Un vice caché est un défaut non apparent au moment de la vente, qui rend le véhicule impropre à l'usage auquel on le destine ou qui diminue tellement cet usage que l'acheteur ne l'aurait pas acquis ou n'en aurait donné qu'un moindre prix. Dans cette affaire, le défaut de la crémaillère de direction a été considéré comme un vice caché.
Quels sont les recours de l'acheteur en cas de vice caché ?
L'acheteur peut choisir entre la résolution de la vente (restitution du prix et du véhicule) ou une réduction du prix. Il peut également demander des dommages-intérêts s'il subit un préjudice. En l'espèce, la résolution de la vente a été prononcée avec restitution du prix de 10 000 euros et des dommages-intérêts pour les frais de possession et de gardiennage.
Le contrôleur technique peut-il être tenu responsable pour un défaut non détecté ?
Oui, si le contrôleur technique n'a pas détecté un défaut qu'il aurait dû constater lors du contrôle, il peut engager sa responsabilité. Dans cette décision, la société Auto Bilan France a été condamnée à payer des dommages-intérêts à l'acheteur pour le coût de possession, les frais d'expertise et de gardiennage, car le défaut de direction était présent lors du contrôle.
Quels sont les délais pour agir en garantie des vices cachés ?
L'action en garantie des vices cachés doit être intentée dans un délai de deux ans à compter de la découverte du vice. En l'espèce, l'acheteur a agi rapidement après la découverte du défaut en juillet 2018.
Puis-je obtenir le remboursement des frais supplémentaires liés au vice caché ?
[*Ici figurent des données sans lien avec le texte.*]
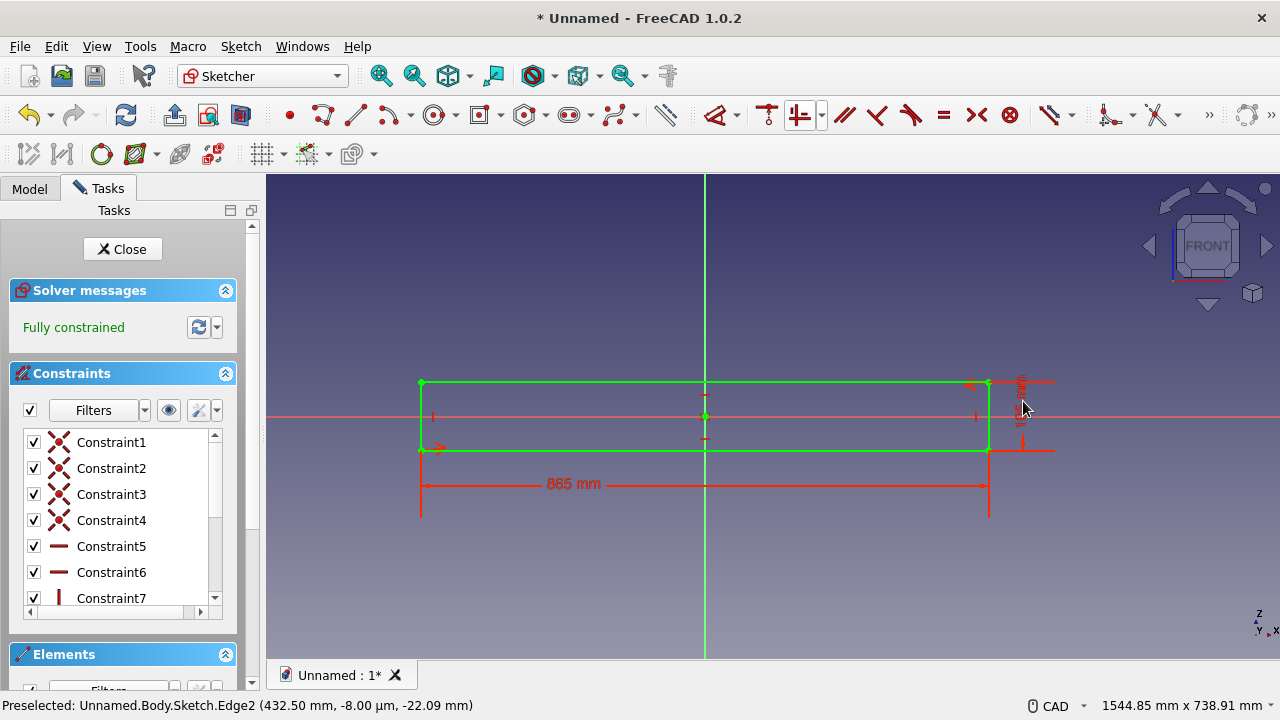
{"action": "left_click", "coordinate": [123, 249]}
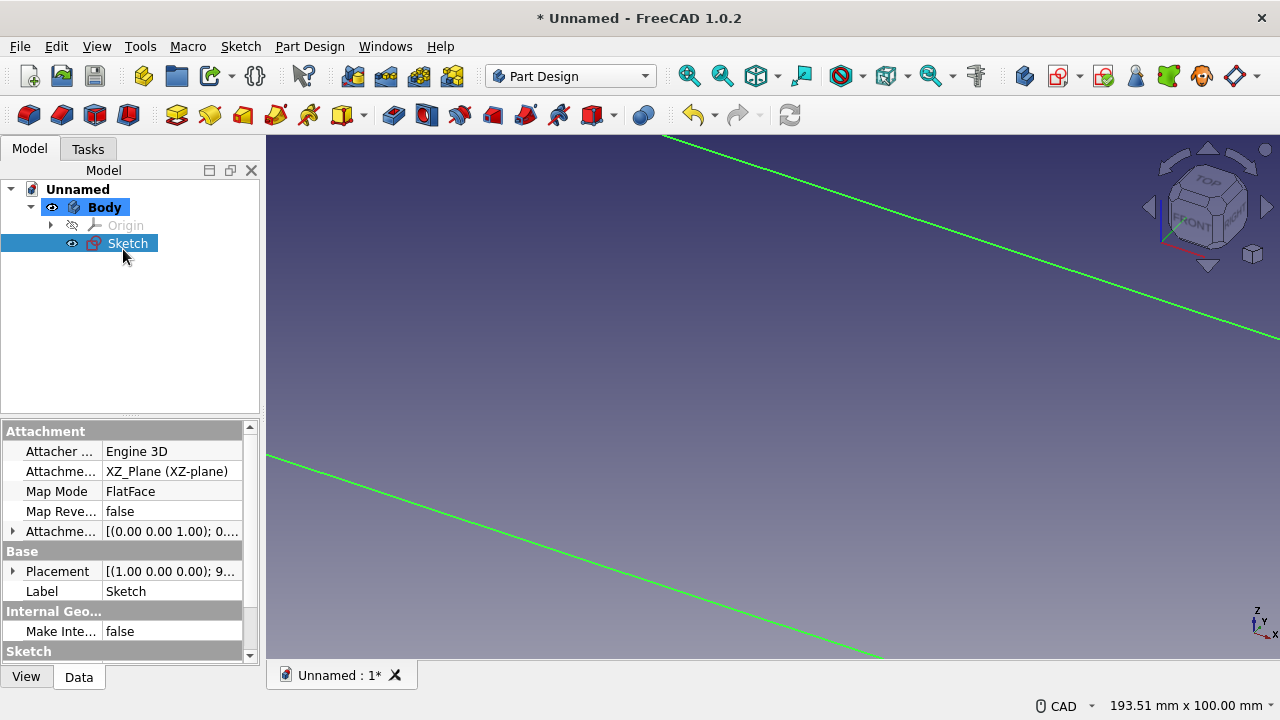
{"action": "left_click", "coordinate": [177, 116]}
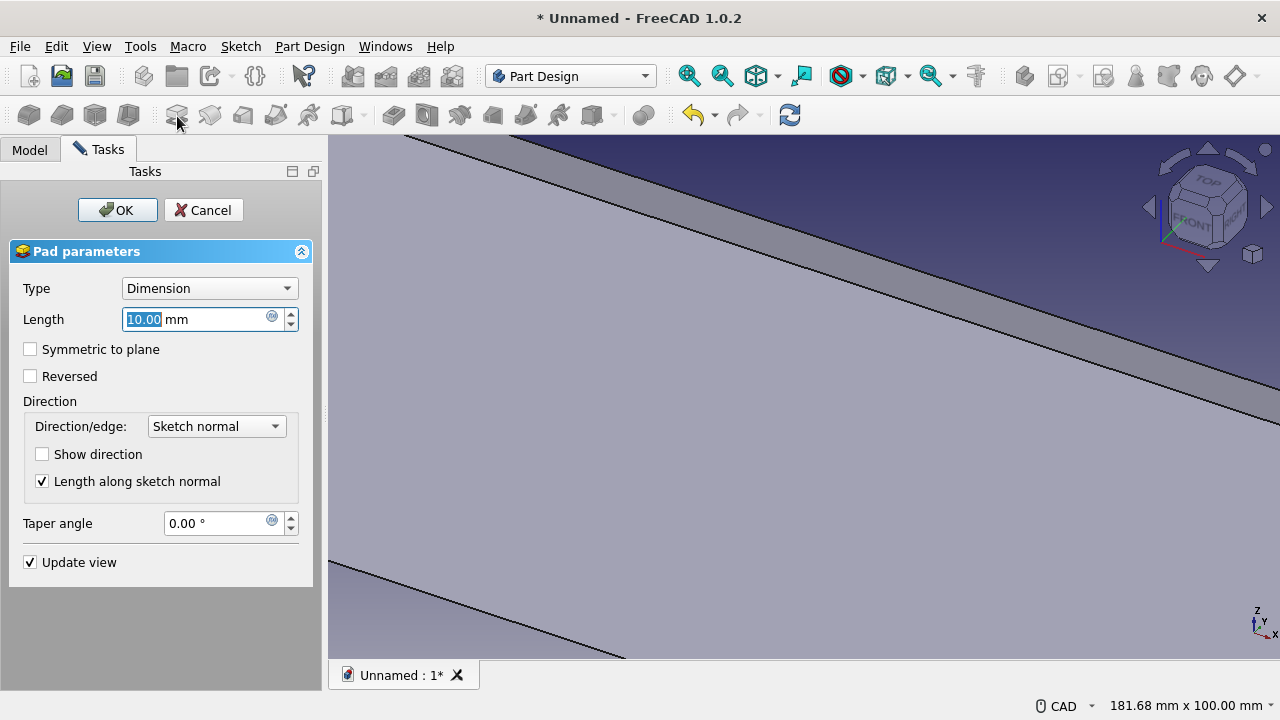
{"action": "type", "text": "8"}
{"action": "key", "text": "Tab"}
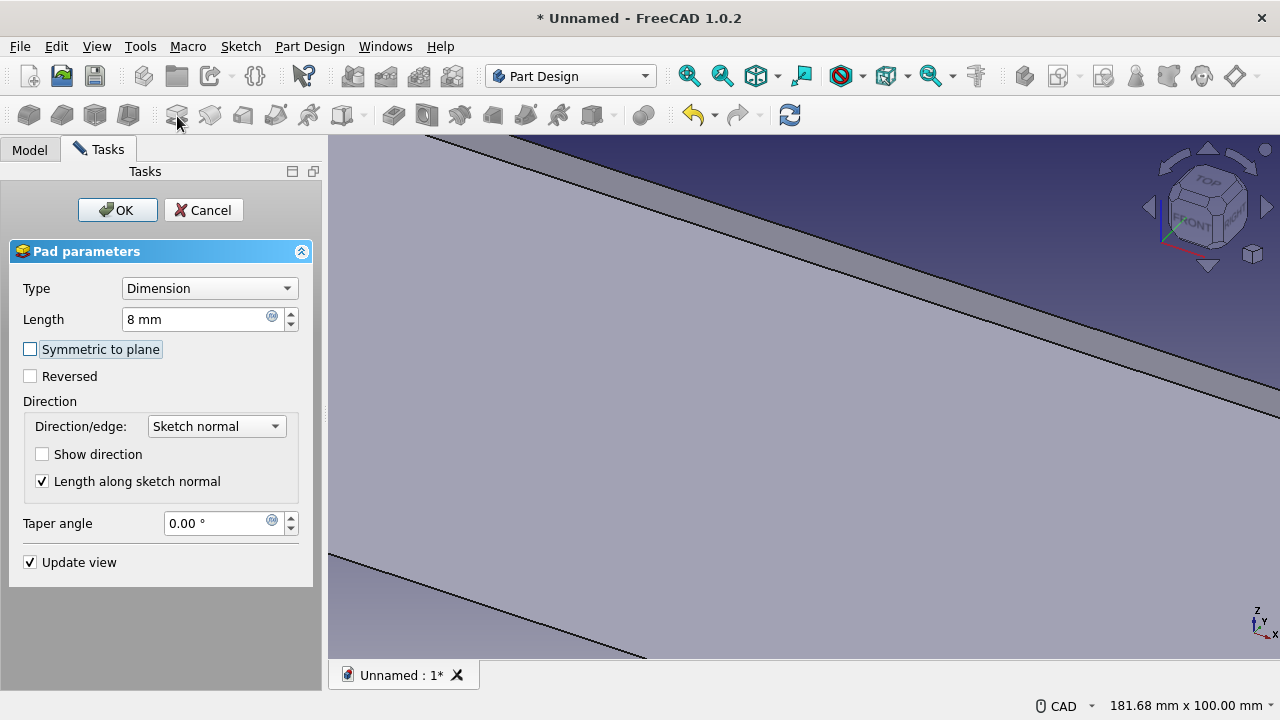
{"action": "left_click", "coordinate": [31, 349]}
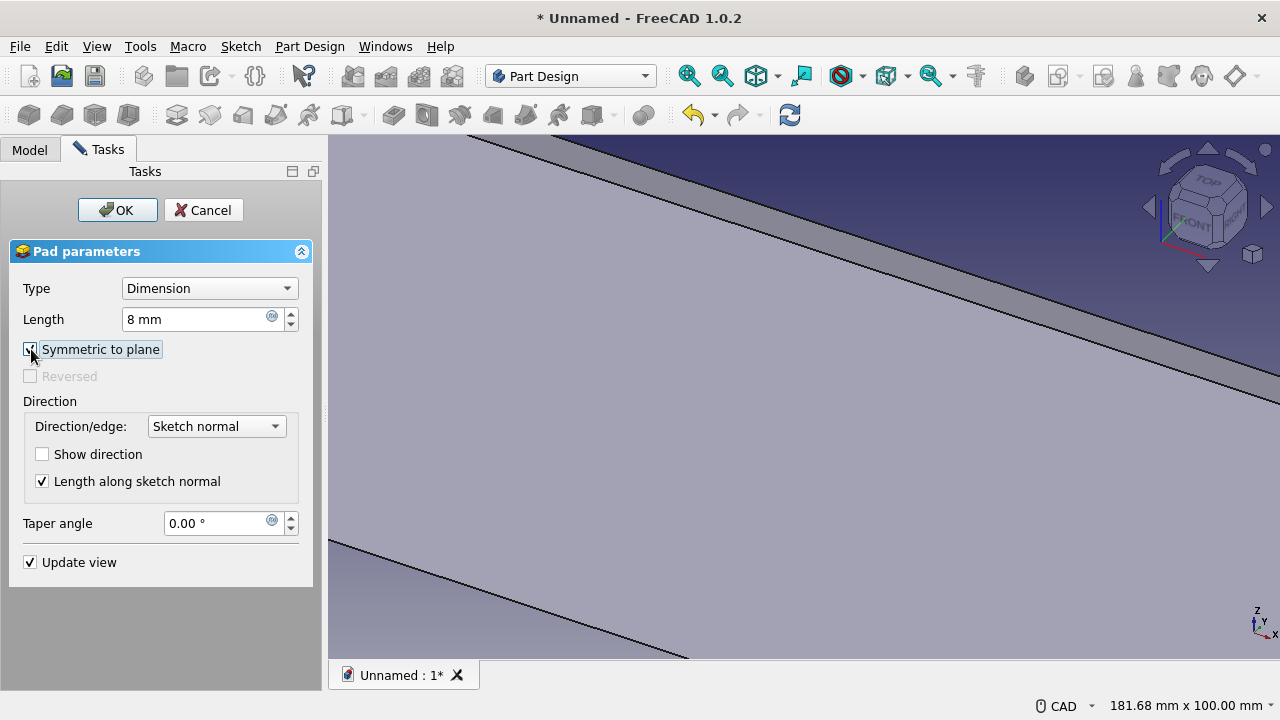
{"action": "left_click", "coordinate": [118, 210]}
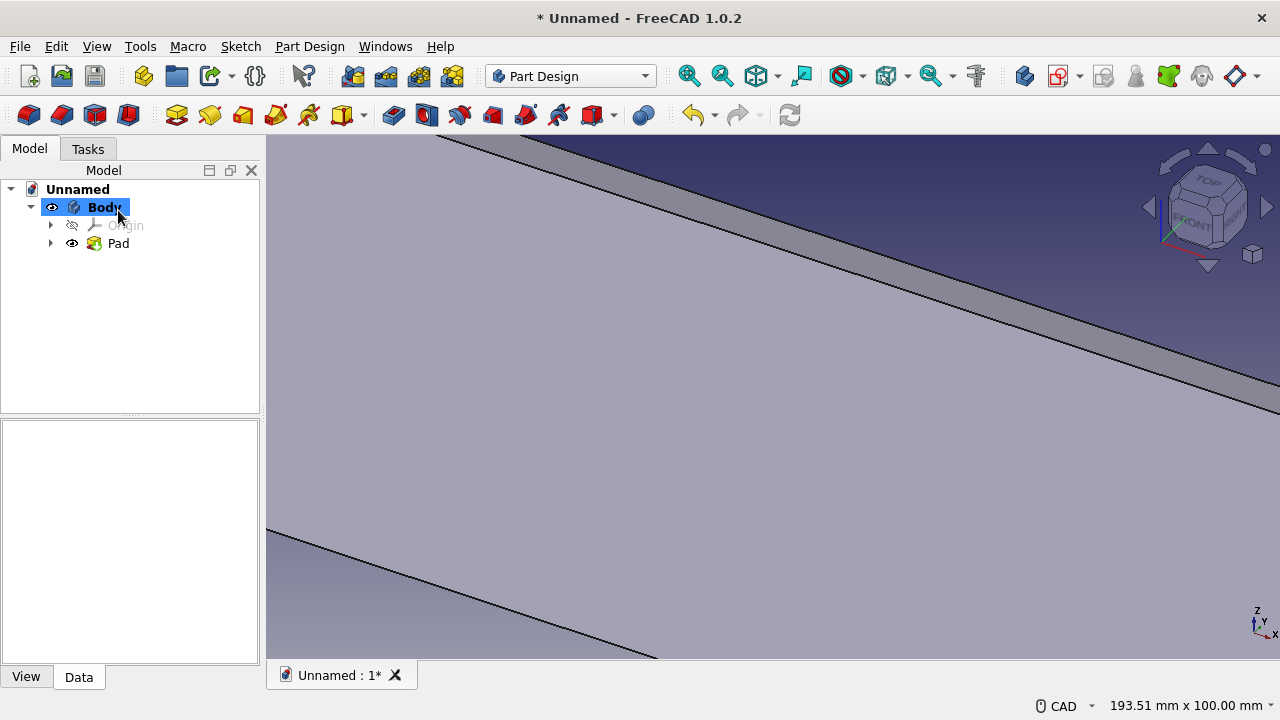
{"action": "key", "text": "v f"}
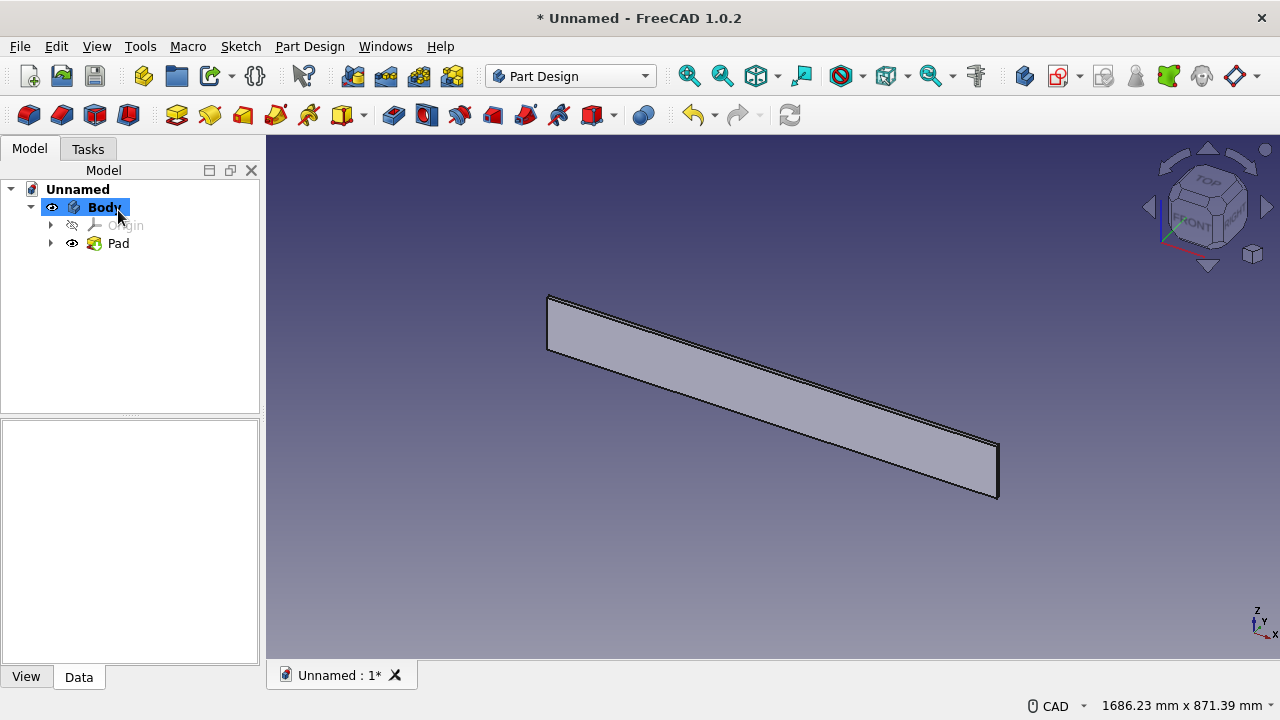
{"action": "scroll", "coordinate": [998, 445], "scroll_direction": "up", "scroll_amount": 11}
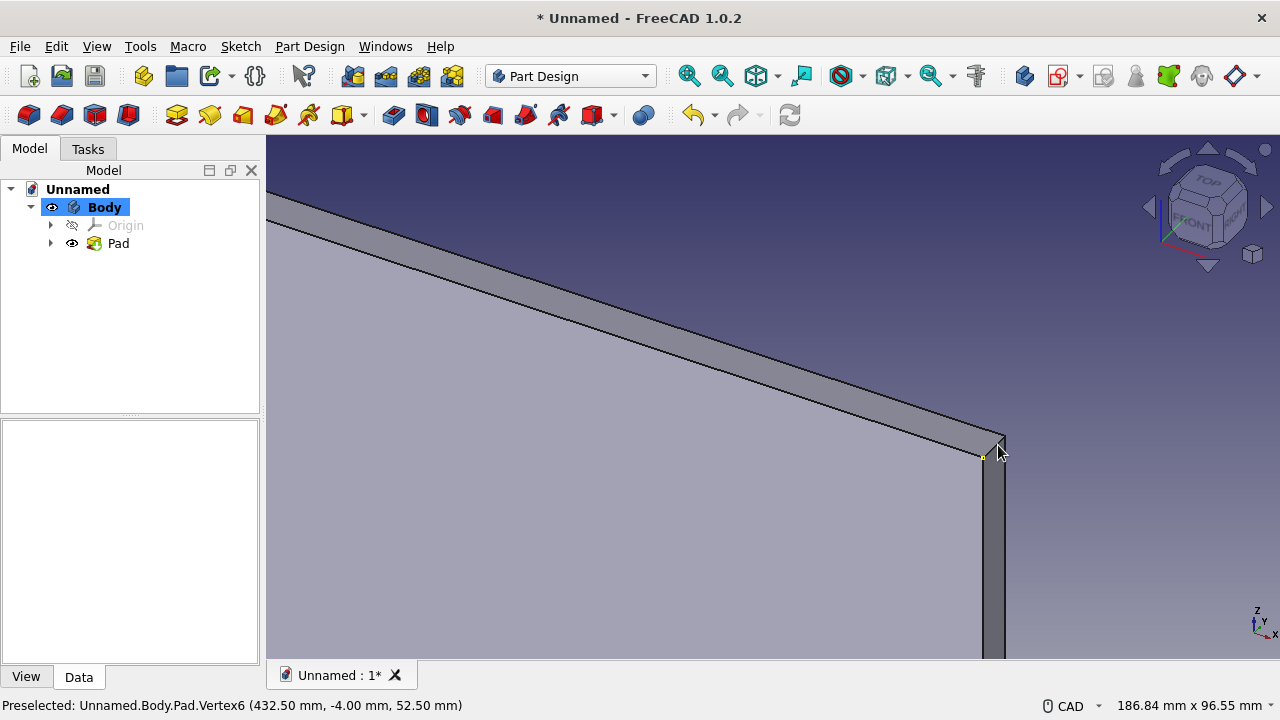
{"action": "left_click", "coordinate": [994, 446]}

Oui, l'acheteur peut obtenir des dommages-intérêts pour couvrir les frais engagés en raison du vice, tels que les frais de réparation, de gardiennage, d'expertise, etc. Dans cette affaire, l'acheteur a obtenu le remboursement du coût de possession, des frais de mise à disposition pour expertise et des frais de gardiennage.
Que faire si le vendeur est un professionnel et que le véhicule a été revendu ?
Le vendeur professionnel reste tenu de la garantie des vices cachés envers son propre acheteur, même s'il a lui-même acheté le véhicule à un autre professionnel. Il peut ensuite se retourner contre son propre vendeur. Dans cette affaire, la société La Basco-béarnaise a été condamnée envers P2J'M, mais sa demande de garantie contre Auto Bilan France a été partiellement rejetée.